00:はじまり - 2/2

 万屋街、とある会員制の料亭の個室にて。
 一人の女性と、一人の女性――の装いをした、身長一八〇を超える立派な体つきの(いわゆる)オネエが対峙している。
 前者を審神者・春花しゅんか、そうして後者は審神者・雪待ゆきまち。両者とも審神者界隈では指折りの実力者で、新人の審神者などが見かければ、思わずはしゃいでしまうような光景だった。
「雪ちゃーん。こんなところに呼び出して、どうしたの?」
 のらりくらりと発声したのは春花だ。話し方から見た目まで、ひどく年齢不詳。大きな丸い目は可愛らしくもあるが、口元や目つきはなんとも妖艶で、年若い小僧ならどぎまぎすること必定だ。
 しかし、見た目からも分かる通り百戦錬磨・海千山千の雪待は一ミリも動じるところがない。
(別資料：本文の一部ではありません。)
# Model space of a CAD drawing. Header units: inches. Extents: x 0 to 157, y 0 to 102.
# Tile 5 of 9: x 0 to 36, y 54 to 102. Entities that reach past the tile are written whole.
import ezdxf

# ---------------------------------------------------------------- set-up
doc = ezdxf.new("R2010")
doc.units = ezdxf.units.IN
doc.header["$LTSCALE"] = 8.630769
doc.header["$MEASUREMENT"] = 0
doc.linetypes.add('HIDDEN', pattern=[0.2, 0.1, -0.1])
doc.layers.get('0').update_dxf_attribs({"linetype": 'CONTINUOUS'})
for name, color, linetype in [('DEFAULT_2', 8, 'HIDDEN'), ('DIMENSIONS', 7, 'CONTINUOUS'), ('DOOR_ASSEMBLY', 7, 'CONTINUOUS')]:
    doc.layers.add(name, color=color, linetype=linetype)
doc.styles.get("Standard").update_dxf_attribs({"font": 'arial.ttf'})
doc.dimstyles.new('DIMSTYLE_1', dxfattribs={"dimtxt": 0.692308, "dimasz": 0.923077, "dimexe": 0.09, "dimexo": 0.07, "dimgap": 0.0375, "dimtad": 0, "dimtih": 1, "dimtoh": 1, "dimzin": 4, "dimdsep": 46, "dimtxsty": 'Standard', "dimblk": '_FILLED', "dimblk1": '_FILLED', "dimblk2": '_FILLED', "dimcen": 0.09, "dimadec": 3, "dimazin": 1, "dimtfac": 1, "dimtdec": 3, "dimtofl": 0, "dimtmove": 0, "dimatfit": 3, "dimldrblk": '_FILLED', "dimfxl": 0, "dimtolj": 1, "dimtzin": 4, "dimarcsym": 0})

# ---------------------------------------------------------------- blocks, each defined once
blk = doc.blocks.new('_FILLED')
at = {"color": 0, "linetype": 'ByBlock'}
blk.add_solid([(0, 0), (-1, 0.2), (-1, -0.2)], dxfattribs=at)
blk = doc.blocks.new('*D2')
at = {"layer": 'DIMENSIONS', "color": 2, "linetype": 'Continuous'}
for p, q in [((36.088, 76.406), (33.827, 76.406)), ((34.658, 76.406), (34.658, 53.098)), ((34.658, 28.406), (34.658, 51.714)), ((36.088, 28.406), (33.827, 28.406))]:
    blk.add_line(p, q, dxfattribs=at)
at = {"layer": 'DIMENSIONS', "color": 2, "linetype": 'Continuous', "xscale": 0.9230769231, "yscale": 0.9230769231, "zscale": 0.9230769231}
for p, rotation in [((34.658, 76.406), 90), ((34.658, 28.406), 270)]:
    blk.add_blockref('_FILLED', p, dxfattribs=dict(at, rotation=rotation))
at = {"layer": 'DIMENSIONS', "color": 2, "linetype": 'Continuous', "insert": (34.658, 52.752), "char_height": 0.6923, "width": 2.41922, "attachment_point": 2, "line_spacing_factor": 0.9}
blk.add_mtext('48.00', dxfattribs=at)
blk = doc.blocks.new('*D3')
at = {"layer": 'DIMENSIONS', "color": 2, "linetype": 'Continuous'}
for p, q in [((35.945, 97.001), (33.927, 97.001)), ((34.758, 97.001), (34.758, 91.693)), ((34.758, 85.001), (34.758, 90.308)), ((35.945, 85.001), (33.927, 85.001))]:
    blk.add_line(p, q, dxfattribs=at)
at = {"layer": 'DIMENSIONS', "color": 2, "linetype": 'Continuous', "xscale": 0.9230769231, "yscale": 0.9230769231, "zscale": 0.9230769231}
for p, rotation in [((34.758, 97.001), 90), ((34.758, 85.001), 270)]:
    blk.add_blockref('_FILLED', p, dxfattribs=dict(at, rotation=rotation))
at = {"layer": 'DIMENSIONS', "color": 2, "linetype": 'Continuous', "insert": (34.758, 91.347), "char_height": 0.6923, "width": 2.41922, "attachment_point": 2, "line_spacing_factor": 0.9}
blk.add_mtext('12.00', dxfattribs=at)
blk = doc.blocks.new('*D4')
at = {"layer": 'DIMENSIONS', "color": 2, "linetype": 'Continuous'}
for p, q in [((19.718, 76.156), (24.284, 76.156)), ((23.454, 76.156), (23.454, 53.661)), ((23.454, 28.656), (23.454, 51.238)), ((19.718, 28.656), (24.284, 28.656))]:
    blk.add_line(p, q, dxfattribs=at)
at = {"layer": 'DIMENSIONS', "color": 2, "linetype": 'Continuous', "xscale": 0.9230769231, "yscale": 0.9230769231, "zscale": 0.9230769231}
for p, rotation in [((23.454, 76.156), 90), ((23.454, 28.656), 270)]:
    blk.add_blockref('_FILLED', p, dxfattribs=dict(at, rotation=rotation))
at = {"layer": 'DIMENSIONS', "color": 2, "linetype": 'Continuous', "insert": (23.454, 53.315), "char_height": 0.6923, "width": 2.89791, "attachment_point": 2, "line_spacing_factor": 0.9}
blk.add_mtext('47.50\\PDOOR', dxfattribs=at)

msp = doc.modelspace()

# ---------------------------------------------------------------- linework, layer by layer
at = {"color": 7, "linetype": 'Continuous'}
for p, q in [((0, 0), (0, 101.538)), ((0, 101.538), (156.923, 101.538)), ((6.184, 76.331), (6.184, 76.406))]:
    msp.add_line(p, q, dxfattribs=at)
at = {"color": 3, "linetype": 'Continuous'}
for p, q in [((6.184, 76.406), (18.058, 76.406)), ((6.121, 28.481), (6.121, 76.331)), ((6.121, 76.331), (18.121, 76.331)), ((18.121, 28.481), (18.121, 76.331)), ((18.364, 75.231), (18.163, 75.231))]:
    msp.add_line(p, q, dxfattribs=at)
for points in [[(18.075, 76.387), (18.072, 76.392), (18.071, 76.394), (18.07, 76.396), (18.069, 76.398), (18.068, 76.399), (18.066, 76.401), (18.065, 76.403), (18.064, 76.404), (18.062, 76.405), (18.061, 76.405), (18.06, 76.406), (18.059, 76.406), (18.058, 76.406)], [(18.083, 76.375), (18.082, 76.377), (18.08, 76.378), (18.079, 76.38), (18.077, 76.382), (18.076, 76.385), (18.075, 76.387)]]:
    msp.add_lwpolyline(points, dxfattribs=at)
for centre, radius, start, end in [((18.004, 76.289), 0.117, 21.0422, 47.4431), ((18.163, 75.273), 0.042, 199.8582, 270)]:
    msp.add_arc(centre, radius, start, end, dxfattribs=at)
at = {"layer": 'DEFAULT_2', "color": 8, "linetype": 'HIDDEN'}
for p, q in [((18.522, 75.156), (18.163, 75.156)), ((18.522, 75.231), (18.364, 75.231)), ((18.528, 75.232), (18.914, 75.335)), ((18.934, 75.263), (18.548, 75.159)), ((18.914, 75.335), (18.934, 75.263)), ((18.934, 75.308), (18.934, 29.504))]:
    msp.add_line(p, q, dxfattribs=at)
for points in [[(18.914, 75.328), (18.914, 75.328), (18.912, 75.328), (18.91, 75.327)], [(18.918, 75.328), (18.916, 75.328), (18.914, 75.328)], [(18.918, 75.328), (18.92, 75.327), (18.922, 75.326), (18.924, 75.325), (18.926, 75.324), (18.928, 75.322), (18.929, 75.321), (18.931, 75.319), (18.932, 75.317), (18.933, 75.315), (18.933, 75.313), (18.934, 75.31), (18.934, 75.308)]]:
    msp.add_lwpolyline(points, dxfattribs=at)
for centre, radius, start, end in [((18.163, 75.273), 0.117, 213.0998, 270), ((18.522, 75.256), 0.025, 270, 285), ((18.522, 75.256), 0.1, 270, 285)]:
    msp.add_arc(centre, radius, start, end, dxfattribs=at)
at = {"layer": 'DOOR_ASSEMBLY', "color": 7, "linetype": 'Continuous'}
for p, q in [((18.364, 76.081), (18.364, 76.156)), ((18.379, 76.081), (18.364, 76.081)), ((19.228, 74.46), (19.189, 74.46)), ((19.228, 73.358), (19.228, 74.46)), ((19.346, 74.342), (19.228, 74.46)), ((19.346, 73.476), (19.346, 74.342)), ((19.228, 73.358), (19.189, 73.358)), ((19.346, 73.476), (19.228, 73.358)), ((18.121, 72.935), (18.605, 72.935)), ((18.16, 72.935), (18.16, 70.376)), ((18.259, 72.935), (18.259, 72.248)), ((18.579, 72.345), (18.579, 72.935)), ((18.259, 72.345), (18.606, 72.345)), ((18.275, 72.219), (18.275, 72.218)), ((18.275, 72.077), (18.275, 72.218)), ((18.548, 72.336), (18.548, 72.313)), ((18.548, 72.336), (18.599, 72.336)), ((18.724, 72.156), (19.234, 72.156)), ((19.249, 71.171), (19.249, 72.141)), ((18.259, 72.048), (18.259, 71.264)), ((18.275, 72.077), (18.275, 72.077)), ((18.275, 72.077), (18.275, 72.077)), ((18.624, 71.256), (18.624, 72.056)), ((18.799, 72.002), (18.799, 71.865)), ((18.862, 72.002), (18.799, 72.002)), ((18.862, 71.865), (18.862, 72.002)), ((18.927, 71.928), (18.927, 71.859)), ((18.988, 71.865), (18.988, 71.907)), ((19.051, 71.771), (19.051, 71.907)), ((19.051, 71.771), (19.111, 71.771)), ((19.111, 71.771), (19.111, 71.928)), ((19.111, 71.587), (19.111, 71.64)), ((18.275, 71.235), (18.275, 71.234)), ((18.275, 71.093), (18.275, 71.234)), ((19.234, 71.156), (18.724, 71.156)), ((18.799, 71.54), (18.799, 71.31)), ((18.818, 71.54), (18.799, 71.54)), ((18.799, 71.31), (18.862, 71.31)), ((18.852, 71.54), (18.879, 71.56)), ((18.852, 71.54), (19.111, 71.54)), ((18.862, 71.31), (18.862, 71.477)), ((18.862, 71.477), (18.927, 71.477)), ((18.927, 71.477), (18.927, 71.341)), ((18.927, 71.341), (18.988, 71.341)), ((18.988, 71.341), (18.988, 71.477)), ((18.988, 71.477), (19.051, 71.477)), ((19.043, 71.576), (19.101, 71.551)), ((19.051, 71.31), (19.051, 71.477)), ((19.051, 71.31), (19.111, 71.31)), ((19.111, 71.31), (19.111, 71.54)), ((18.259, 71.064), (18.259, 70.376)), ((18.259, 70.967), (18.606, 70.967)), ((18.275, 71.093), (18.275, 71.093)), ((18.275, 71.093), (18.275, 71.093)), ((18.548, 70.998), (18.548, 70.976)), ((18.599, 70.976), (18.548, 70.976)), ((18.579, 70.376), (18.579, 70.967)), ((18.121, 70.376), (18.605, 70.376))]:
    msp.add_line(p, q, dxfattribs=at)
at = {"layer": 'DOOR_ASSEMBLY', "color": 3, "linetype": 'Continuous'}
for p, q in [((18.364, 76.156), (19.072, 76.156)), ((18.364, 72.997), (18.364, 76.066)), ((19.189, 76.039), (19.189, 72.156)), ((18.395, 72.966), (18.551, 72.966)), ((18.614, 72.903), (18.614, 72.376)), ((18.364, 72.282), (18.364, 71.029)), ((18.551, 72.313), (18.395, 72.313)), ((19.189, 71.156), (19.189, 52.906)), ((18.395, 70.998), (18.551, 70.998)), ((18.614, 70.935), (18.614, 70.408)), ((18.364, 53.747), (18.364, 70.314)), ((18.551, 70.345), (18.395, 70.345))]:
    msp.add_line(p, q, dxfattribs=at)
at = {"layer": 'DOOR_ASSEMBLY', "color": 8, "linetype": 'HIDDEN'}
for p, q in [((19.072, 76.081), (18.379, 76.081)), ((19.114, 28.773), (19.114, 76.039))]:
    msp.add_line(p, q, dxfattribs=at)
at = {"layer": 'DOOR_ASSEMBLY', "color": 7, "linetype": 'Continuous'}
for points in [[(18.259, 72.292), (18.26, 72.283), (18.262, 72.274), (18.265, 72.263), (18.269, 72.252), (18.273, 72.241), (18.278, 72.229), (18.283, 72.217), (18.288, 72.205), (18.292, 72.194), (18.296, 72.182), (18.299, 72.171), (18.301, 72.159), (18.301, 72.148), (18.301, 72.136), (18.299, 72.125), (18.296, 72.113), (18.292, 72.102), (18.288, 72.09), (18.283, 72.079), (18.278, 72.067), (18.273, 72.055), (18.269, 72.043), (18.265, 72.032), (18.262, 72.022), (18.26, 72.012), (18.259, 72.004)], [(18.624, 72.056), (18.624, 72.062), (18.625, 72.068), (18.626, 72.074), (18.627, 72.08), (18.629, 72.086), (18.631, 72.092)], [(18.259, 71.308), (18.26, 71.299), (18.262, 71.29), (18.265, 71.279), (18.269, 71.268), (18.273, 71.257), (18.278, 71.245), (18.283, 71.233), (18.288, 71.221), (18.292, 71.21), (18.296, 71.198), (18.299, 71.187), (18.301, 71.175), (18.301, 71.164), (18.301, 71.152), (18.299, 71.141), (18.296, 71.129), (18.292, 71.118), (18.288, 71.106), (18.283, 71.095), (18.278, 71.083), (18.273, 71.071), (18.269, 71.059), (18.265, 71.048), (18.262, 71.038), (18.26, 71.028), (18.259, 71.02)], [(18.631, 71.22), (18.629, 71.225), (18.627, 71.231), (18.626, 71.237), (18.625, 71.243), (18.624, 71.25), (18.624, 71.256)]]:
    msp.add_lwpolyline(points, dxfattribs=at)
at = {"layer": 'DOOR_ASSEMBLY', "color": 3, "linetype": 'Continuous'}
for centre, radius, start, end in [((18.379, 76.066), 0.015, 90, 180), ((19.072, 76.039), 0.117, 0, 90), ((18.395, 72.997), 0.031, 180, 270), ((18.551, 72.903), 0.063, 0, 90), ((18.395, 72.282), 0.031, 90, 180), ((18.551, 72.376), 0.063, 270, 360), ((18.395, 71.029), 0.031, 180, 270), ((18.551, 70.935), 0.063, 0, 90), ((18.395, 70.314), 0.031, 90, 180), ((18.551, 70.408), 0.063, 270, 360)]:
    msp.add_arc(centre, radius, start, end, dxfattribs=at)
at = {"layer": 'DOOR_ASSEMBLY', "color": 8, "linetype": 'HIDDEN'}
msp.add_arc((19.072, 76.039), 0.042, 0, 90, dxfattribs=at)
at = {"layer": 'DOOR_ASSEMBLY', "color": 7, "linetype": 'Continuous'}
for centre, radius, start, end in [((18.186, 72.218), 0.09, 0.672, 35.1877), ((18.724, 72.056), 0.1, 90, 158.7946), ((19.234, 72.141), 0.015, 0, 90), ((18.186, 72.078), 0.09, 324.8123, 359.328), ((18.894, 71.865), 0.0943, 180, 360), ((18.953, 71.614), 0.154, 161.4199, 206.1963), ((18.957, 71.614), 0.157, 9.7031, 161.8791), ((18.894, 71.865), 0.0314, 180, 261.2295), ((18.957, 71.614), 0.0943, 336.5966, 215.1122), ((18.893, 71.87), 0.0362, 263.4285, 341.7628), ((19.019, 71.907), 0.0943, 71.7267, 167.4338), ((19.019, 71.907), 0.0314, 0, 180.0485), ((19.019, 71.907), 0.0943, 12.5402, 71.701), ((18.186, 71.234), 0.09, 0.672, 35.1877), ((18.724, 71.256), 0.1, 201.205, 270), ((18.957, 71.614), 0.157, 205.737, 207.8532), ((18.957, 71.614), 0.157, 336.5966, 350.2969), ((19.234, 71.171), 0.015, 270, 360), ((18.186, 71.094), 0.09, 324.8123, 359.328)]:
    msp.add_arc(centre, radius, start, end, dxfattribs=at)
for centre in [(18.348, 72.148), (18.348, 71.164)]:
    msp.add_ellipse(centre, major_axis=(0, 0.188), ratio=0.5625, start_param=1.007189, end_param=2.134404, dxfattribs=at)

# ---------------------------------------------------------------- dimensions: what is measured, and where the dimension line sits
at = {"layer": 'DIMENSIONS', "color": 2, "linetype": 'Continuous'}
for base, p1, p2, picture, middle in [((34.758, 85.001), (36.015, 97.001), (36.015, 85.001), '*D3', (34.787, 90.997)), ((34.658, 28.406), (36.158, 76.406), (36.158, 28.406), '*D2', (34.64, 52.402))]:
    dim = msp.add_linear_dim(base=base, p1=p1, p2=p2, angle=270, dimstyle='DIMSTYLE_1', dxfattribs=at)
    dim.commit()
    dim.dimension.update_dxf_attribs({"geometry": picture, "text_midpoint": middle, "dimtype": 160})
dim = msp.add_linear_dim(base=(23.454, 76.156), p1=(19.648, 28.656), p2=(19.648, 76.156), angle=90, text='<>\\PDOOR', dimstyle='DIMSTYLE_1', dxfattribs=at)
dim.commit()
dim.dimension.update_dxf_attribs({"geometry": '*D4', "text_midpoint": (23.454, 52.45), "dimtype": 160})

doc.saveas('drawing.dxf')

それどころか却って、
「アンタ、本気で言ってんの?」
 じろりとねめつけて威圧するような雰囲気だ。「アタシ言ったわよね。昨日ほど大事な日はないって」
 とんっと漆塗りのテーブルを指で叩いて、雪待は苛立たしげにする。対する春花はどこふく風といった様子で、どこまでものらりくらりだ。
「え~、なんだっけ」
「とぼけんじゃないわよ! アンタの娘が、昨日!! 我が本丸での修行を終えて、無事に審神者になったのよ!! そんな日ぐらい祝ってあげなさいって、あっれっほっど!! 言ったじゃないの!! なのにあんたときたら、」
 ひとりでヒートアップする雪待に、へらりと春花は笑って返す。
「え~、そんなこと? ちゃんとプレゼントはしたよ~」
「は? あの、いかにも適当に選んだことが丸わかりのくっっそセンスのないつげ櫛のことォ?!」
「ひど~い。せっかく歌仙君が選んでくれたのに~」
「初期刀でもない刀に選ばせてる時点で……ッ! 大体、櫛なんて『苦』しむとか『死』ぬとか想起させるから、門出を祝う贈り物にふさわしくないのよ!!」
「も~声おっき~。話それだけ? じゃあもう行くね」
 怒鳴りたてる雪待にいやそうな顔をして、春花はのらりくらりと立ち上がる。
「待ちなさいよ! 話はまだ終わってないわよ!!」
「もういいよ~、雪ちゃんのお説教長いから聞きたくない。じゃね~」
 制止する雪待を無視して、春花はパンプスを履いてさっさと立ち去った。
 個室にひとり残された雪待は一瞬呆然とし、次いで、憎々しげに黒檀の呼び鈴を押した。
「あんのアバズレめ……。もう今日は飲むしかないわね!!」
 ほどなくして、店員が静かにやってきた。雪待は大量の酒という酒を注文し、憂さを晴らすこととする。

 

 ――春花の本丸にて。
「歌仙くん。贈り物、つげの櫛にしたんだね~」
 もしかしてあの子に惚れてるの? なんて、春花は冗談とも本気ともつかないことを言う。彼女の知る限りで、娘と自身の歌仙兼定が顔見知りであるという事実はなさそうだが。
 歌仙はぎょっとしながら、なにを言うんだいと心外そうに返した。
「全く知らない相手に対し、これでも考えに考え抜いたんだが。櫛にはもめ事を解きほぐすという意味合いもあるだろう。君たち母子の関係性が少しでも改善されるならと、老婆心を出したまでだ」
「そっか~。ありがと」
 と、聞いているのかいないのか分からない調子で、春花は笑った。

 このようなやり取りがあったことを、雪待も――もらった当人も、知らない。